Императрица похвалила его средство, намеревалась его испробовать и вдоволь посмеялась над нашею покорностью.
Общество в Киеве представляло три различные картины. У императрицы можно было видеть то великолепнейший двор, то самый тесный кружок. Дом, где жили Кобенцель, Фитц-Герберт и я и где мы принимали и русских, и иностранцев, принял вид какой-нибудь европейской кофейни, которая была всегда полна и в которой сходились разноплеменные люди; здесь раздавалась речь на различных языках и употреблялись блюда, фрукты и вина разных стран. Время проходило в общей беседе или в частных толках о разных предметах — от важнейших до самых обыкновенных.
Напротив того, если кто подымался в Печерский монастырь, чтобы посетить Потемкина, который там расположился, то подумал бы, что он присутствует при аудиенции визиря в Константинополе, Багдаде или Каире. Там господствовало молчание и какой-то страх. По врожденной ли склонности к неге или из притворного высокомерия, которое он считал уместным обнаруживать, этот могущественный и прихотливый любимец Екатерины, изредка показываясь в фельдмаршальском мундире, покрытом орденами с бриллиантами, весь в шитье и галунах, расчесанный, напудренный, чаще всего ходил в халате на меху, с открытой шеей, в широких туфлях, с распущенными и нечесаными волосами; обыкновенно он лежал, развалясь на широком диване, окруженный множеством офицеров и значительнейшими сановниками империи; редко приглашал он кого-нибудь садиться и почти всегда усердно играл в шахматы, а потому не считал себя обязанным обращать внимание на русских или иностранцев, которые посещали его.
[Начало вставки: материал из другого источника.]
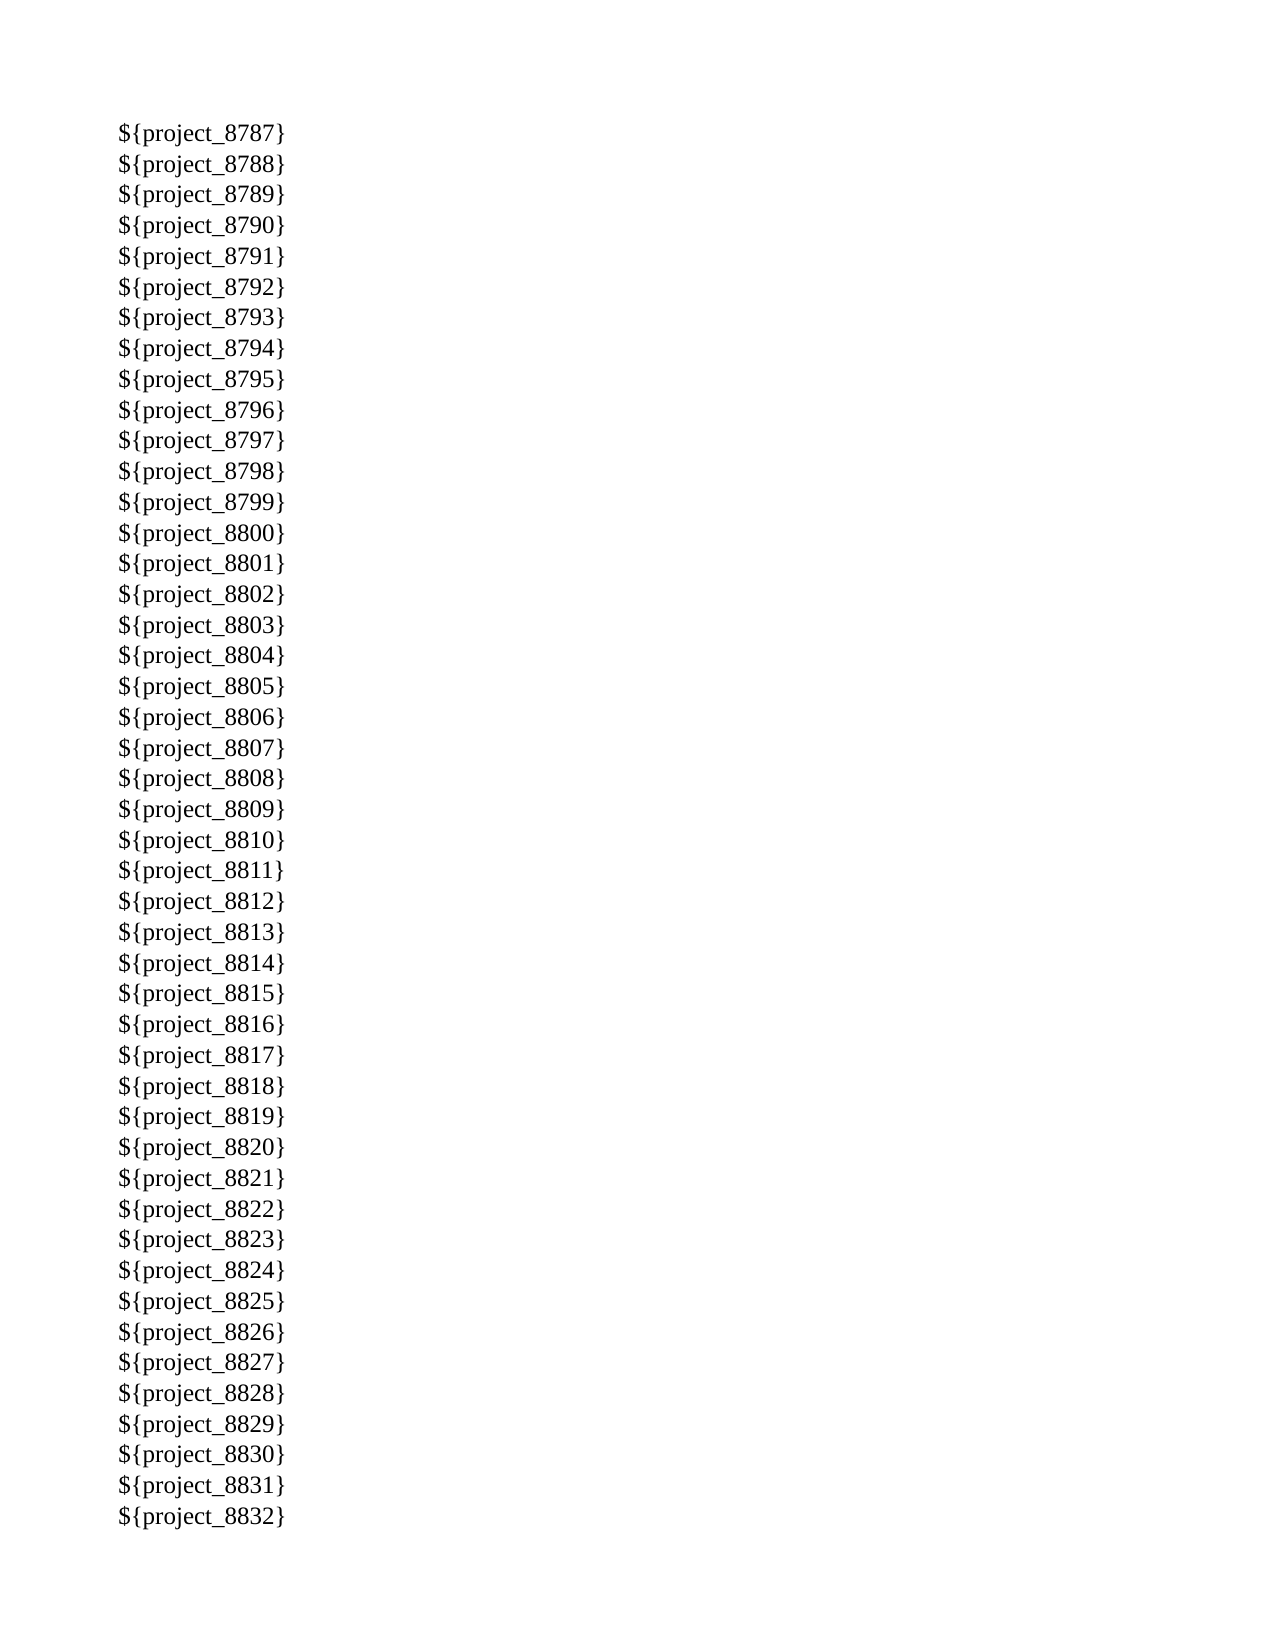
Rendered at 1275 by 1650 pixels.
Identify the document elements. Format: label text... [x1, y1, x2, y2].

Я знал все эти странности. Но так как большая часть из присутствовавших не знала об искренней взаимности, которая водворилась между нами, то, признаюсь, мое самолюбие иногда страдало, когда мне приходило на мысль, что иностранцы увидят посла французского короля принужденным подчиняться вместе с прочими высокомерию и причудам Потемкина. Но, чтобы не возбудить ложных толков, я поступил следующим образом: когда я приехал к нему и обо мне доложили, я вошел и, видя, что князь сидит за шахматами, не удостоивая меня взглядом, я прямо подошел к нему, обеими руками взял и приподнял его голову, поцеловал его и попросту сел подле него на диван. Эта фамильярность немного удивила зрителей, но так как Потемкину она не показалась неуместною, то все поняли мои отношения к нему. Из уважения ли ко мне или к достоинствам Ламета и Дилльона, которых ему расхвалили, он принял их довольно любезно и вежливо. Вскоре после того прибыл в Киев один испанец, которого имя впоследствии получило жалкую известность в политическом мире; он назывался Миранда. Это был человек образованный, умный, вкрадчивый и смелый. Рожденный в Америке, он был в родственных отношениях с семейством Аристегитта, которое я узнал в бытность мою в Каракасе и о котором упоминал в начале записок. Во время войны испанское правительство открыло, что Миранда, изменив своему долгу, передал английским адмиралам планы и карты Кубы и других испанских колоний. Его хотели захватить — он убежал, но был лишен чинов и преследуем испанскими властями. Он получал от англичан жалованье, бродил по Европе, замышляя отмщение за неудачу своих честолюбивых планов и выжидая удобного случая, чтобы возвратиться в Каракас и возбудить там восстание. Я тогда не знал всех этих обстоятельств. Но так как Миранда явился ко мне без всяких рекомендательных писем, то я отказался представить его императрице. Однако это его не остановило. В Константинополе он познакомился с принцем Нассау, который ввел его к Потемкину; очаровав последнего умом своим, он через него добился тайной аудиенции у императрицы.
Явясь пред государыней, он прикинулся угнетенным философом, жертвою инквизиции и успел снискать ее внимание, так что, когда он уехал в Петербург, императрица приказала своему вице-канцлеру принять его достойным образом, как человека, которого она уважает. Из дальнейшего рассказа видно будет, сколько хлопот доставило мне его присутствие по возвращении моем в столицу. В те дни, в которые князь Потемкин не принимал гостей, или, лучше сказать, не разыгрывал роль азиатского владыки, я любил бывать у него по-домашнему, видеть его окруженного любезными племянницами и друзьями. Это был другой человек, правда, всегда причудливый, но остроумный и умевший придать занимательность разговорам самым разнообразным.